A strong start to the game from Sevilla gave way to Barcelona’s improved second half display and the Andalusians will be rueing their missed chances in the first half and they were somewhat unfortunate to be tied at the interval. However the poor connections in possession are one area Sampaoli will need to iron out, with the deeper players often being forced into longer balls due to lacking progressive and accessible passing options.

As for Enrique’s men they took advantage of their increasingly weary opponents and utilised transitions extremely effectively to secure a vital win. The collective press resistance is one factor that can certainly be worked on, despite the side clearly missing the influence of Iniesta.

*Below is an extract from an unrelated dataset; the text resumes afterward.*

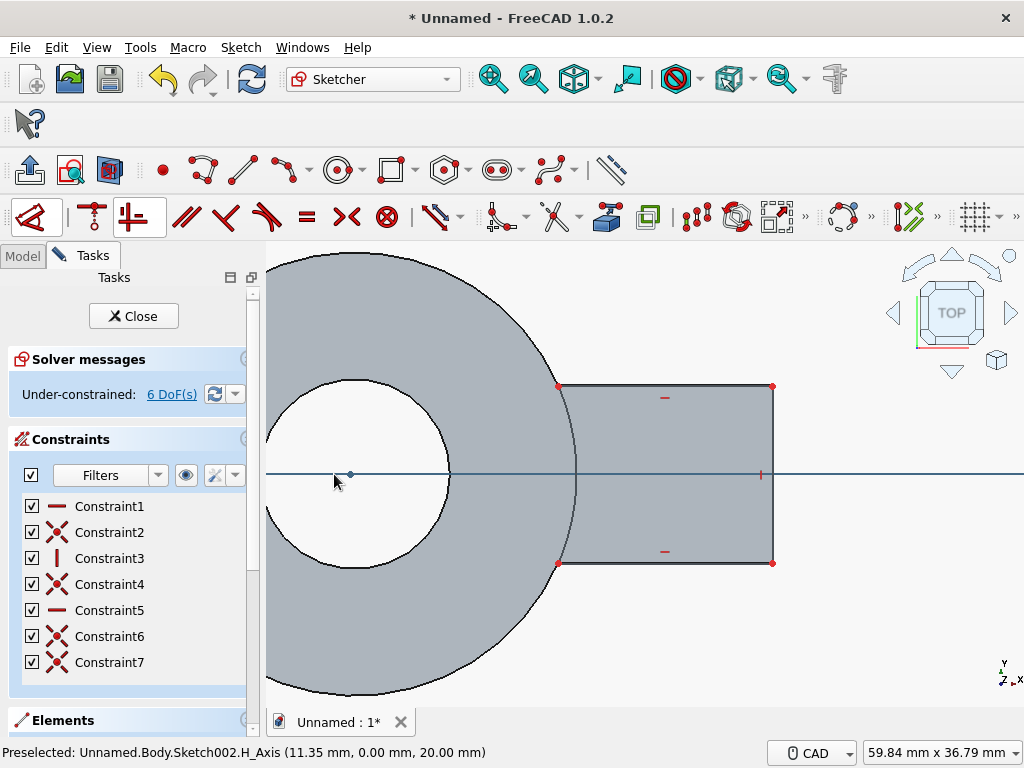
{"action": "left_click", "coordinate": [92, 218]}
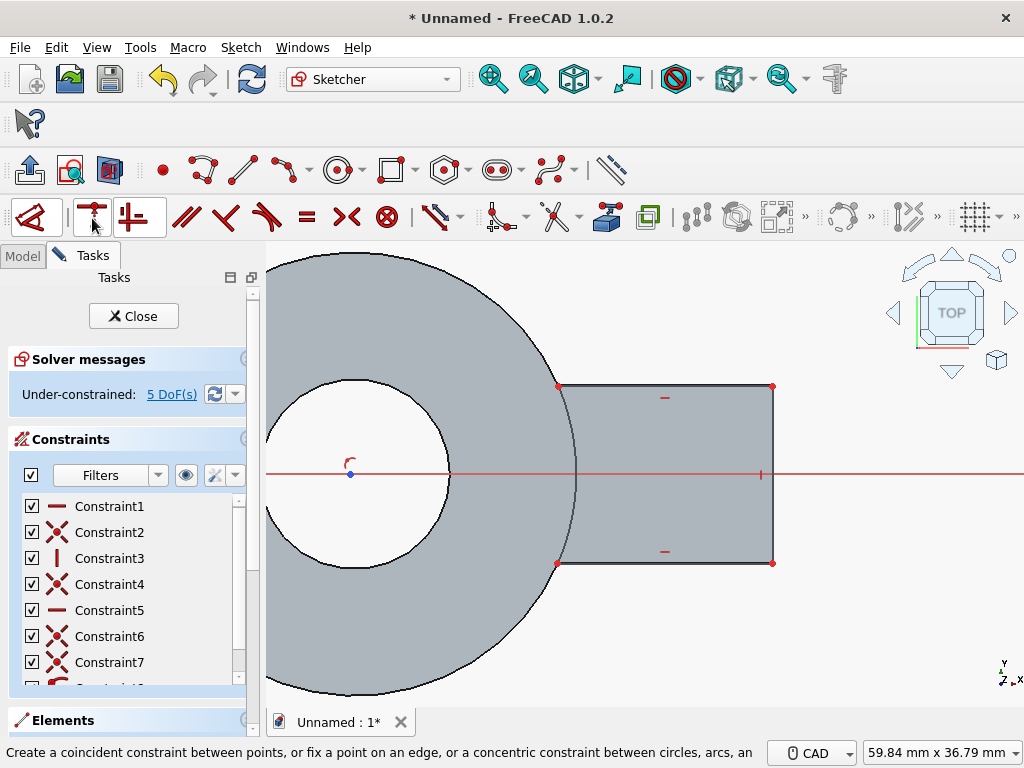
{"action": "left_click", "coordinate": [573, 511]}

diegoas November 10, 2016 um 8:40 pm

Hi JD, great article as usual, thank you very much. I don’t have much to add on the content side, however I’d like two offer two points of humble advice:
– I think your writing could use a stronger focus on punctuation, as your sentences are often very long and uninterrupted,
– Luis Enrique’s full name is Luis Enrique Martínez García, his (composite) first name being Luis Enrique. English writers love to call him Enrique, however that would be the same as calling , say, Marc Andre Ter Stegen “Andre”. No one in Spain would do that or even understand you, at least at first! 🙂


James November 9, 2016 um 11:36 am

Thank you for an excellent review, technically one of the most involved and accurate I have seen since I began coming to this site. I appreciate this is something you may not have any control over, but in future would it be possible to include a graphic of the team line ups? It just makes visualising the tactical movements easier and also gives a clearer idea of duels with specific players: Nzonzi vs Messi in the air? Only one winner. Lastly, what do you think of Sampaoli’s start in La Liga? Can it be maintained and will the Andalusians join Atletico in offering resistance to the traditional big two? Or do you think he will encounter difficulties like Bielsa? He certainly seems a little less vertical and demanding in his playing style and Minho’s transfer recruitment isn’t going to hurt anyone!


olli November 9, 2016 um 3:03 pm

He usually does


James November 9, 2016 um 4:35 pm

*Monchi’s recruitment. Damn you autocorrect!


JD November 9, 2016 um 6:53 pm

Yeah, I’ve only seen a couple of Sevilla games this season but they look quite strong in chance creation, counter attacking, pressing and such. I think the positional structure needs a lot of work though, it is often quite badly disconnected leading to some overly direct play but yeah I expect that to improve. I think Sampaoli could build something strong in Sevilla and Monchi’s recruitment will indeed be of huge assistance, will also depend on how they can keep hold of key players etc.